Lauterkeitsrechtlicher Kern der Rabattaktion nicht erfasst

Es gehe nicht um das Geschäftsmodell der Taxi-App, sondern um die Zulässigkeit einer Rabattaktion, betonte das Gericht. Die Beklagte unterliege nicht den Marktverhaltensregelungen des Personenbeförderungsgesetzes, weil sie keine Personen befördere (§ 1 Abs. 1 PBefG), sondern nur als Vermittler von Taxifahrten auftrete. Die angegriffene Rabattaktion über einen Zeitraum von 14 Tagen und in Höhe von 50% könnte zwar eine unlautere Behinderung sein (§§ 3, 4 Nr. 10 UWG).
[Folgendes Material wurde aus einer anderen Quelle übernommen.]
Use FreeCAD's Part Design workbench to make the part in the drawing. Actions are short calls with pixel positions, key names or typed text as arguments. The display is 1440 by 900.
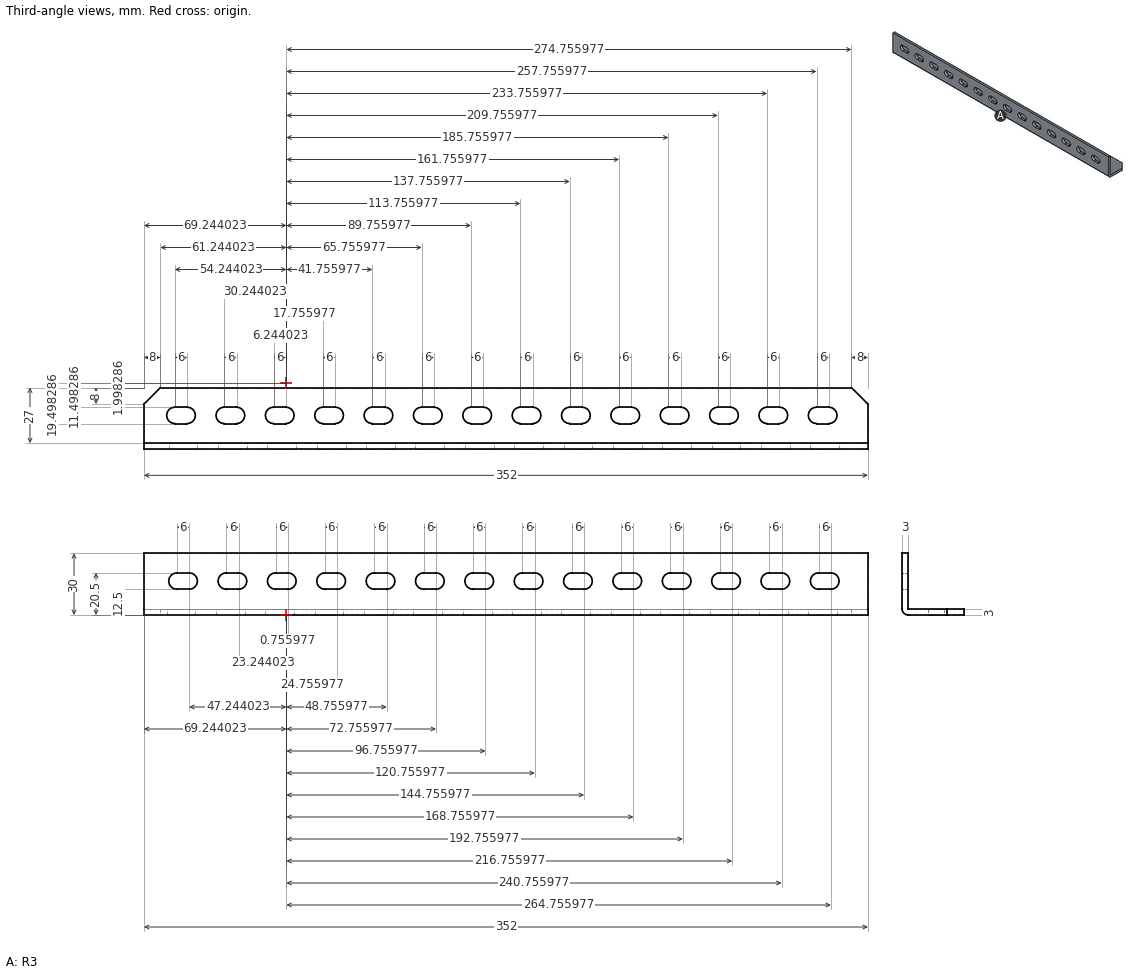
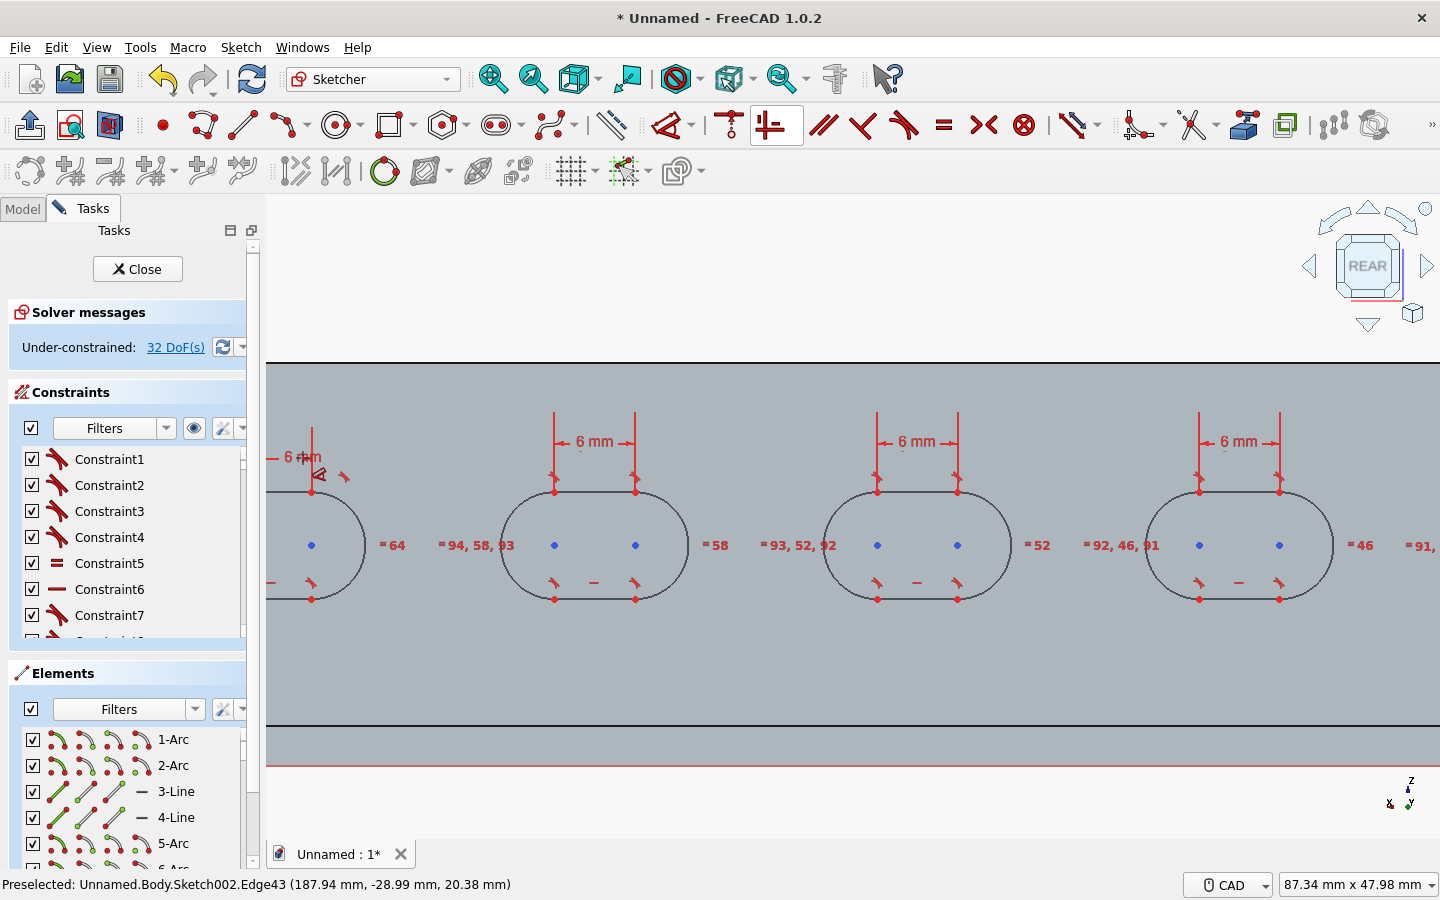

Die ursprünglich gestellten Klageanträge haben nach Auffassung des OLG aber den hierfür maßgeblichen lauterkeitsrechtlichen Kern der konkret stattgefundenen Werbeaktion nicht erfasst und dem Senat sei es auch nicht möglich, an dieser Antragsfassung vorbei den gerade noch zulässigen Rabattsatz und die Aktionsdauer zu definieren. Und auch der erst in der Berufung gestellte Hilfsantrag habe diesen lauterkeitsrechtlichen Kern der Rabattaktion nicht ausreichend dargestellt und darüber hinaus auf Merkmale abgestellt, für die es an einer bereits stattgefundenen Verletzungshandlung und somit an einer Wiederholungsgefahr fehle.